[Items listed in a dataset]
········

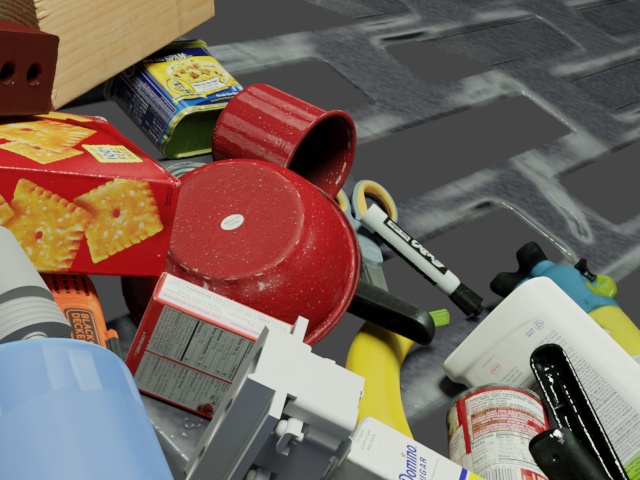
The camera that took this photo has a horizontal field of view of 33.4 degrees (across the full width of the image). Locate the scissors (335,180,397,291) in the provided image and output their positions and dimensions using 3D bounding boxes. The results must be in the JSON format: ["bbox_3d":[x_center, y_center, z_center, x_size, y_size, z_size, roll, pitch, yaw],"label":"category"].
[{"bbox_3d":[0.022,0.004,0.844,0.096,0.016,0.201,22,33,-7],"label":"scissors"}]

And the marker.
[{"bbox_3d":[0.081,0.017,0.845,0.121,0.020,0.020,41,34,2],"label":"marker"}]

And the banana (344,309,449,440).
[{"bbox_3d":[0.048,0.101,0.700,0.069,0.037,0.197,4,38,7],"label":"banana"}]

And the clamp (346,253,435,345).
[{"bbox_3d":[-0.010,0.040,0.736,0.120,0.039,0.172,-21,36,-15],"label":"clamp"}]

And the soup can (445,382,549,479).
[{"bbox_3d":[0.114,0.148,0.665,0.068,0.069,0.102,20,34,-10],"label":"soup can"}]

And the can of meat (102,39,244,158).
[{"bbox_3d":[-0.112,-0.116,0.879,0.101,0.058,0.084,-17,55,-46],"label":"can of meat"}]

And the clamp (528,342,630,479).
[{"bbox_3d":[0.181,0.163,0.642,0.210,0.036,0.164,57,17,-11],"label":"clamp"}]

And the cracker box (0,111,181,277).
[{"bbox_3d":[-0.214,-0.040,0.645,0.213,0.072,0.164,5,17,-31],"label":"cracker box"}]

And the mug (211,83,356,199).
[{"bbox_3d":[-0.024,-0.076,0.847,0.082,0.093,0.117,28,32,29],"label":"mug"}]

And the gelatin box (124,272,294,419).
[{"bbox_3d":[-0.067,0.068,0.642,0.089,0.073,0.030,22,34,-7],"label":"gelatin box"}]

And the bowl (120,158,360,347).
[{"bbox_3d":[-0.055,0.001,0.694,0.162,0.055,0.162,-1,56,2],"label":"bowl"}]

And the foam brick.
[{"bbox_3d":[-0.207,-0.107,0.650,0.051,0.053,0.078,20,17,26],"label":"foam brick"}]

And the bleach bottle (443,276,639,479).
[{"bbox_3d":[0.202,0.145,0.719,0.251,0.103,0.068,49,24,20],"label":"bleach bottle"}]

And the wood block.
[{"bbox_3d":[-0.175,-0.183,0.810,0.090,0.091,0.205,15,35,25],"label":"wood block"}]

········

## Work item
An exact copy of all the entries is required, and it must contain no pictures.

## Answer box
The camera that took this photo has a horizontal field of view of 33.4 degrees (across the full width of the image). Locate the scissors (335,180,397,291) in the provided image and output their positions and dimensions using 3D bounding boxes. The results must be in the JSON format: ["bbox_3d":[x_center, y_center, z_center, x_size, y_size, z_size, roll, pitch, yaw],"label":"category"].
[{"bbox_3d":[0.022,0.004,0.844,0.096,0.016,0.201,22,33,-7],"label":"scissors"}]

And the marker.
[{"bbox_3d":[0.081,0.017,0.845,0.121,0.020,0.020,41,34,2],"label":"marker"}]

And the banana (344,309,449,440).
[{"bbox_3d":[0.048,0.101,0.700,0.069,0.037,0.197,4,38,7],"label":"banana"}]

And the clamp (346,253,435,345).
[{"bbox_3d":[-0.010,0.040,0.736,0.120,0.039,0.172,-21,36,-15],"label":"clamp"}]

And the soup can (445,382,549,479).
[{"bbox_3d":[0.114,0.148,0.665,0.068,0.069,0.102,20,34,-10],"label":"soup can"}]

And the can of meat (102,39,244,158).
[{"bbox_3d":[-0.112,-0.116,0.879,0.101,0.058,0.084,-17,55,-46],"label":"can of meat"}]

And the clamp (528,342,630,479).
[{"bbox_3d":[0.181,0.163,0.642,0.210,0.036,0.164,57,17,-11],"label":"clamp"}]

And the cracker box (0,111,181,277).
[{"bbox_3d":[-0.214,-0.040,0.645,0.213,0.072,0.164,5,17,-31],"label":"cracker box"}]

And the mug (211,83,356,199).
[{"bbox_3d":[-0.024,-0.076,0.847,0.082,0.093,0.117,28,32,29],"label":"mug"}]

And the gelatin box (124,272,294,419).
[{"bbox_3d":[-0.067,0.068,0.642,0.089,0.073,0.030,22,34,-7],"label":"gelatin box"}]

And the bowl (120,158,360,347).
[{"bbox_3d":[-0.055,0.001,0.694,0.162,0.055,0.162,-1,56,2],"label":"bowl"}]

And the foam brick.
[{"bbox_3d":[-0.207,-0.107,0.650,0.051,0.053,0.078,20,17,26],"label":"foam brick"}]

And the bleach bottle (443,276,639,479).
[{"bbox_3d":[0.202,0.145,0.719,0.251,0.103,0.068,49,24,20],"label":"bleach bottle"}]

And the wood block.
[{"bbox_3d":[-0.175,-0.183,0.810,0.090,0.091,0.205,15,35,25],"label":"wood block"}]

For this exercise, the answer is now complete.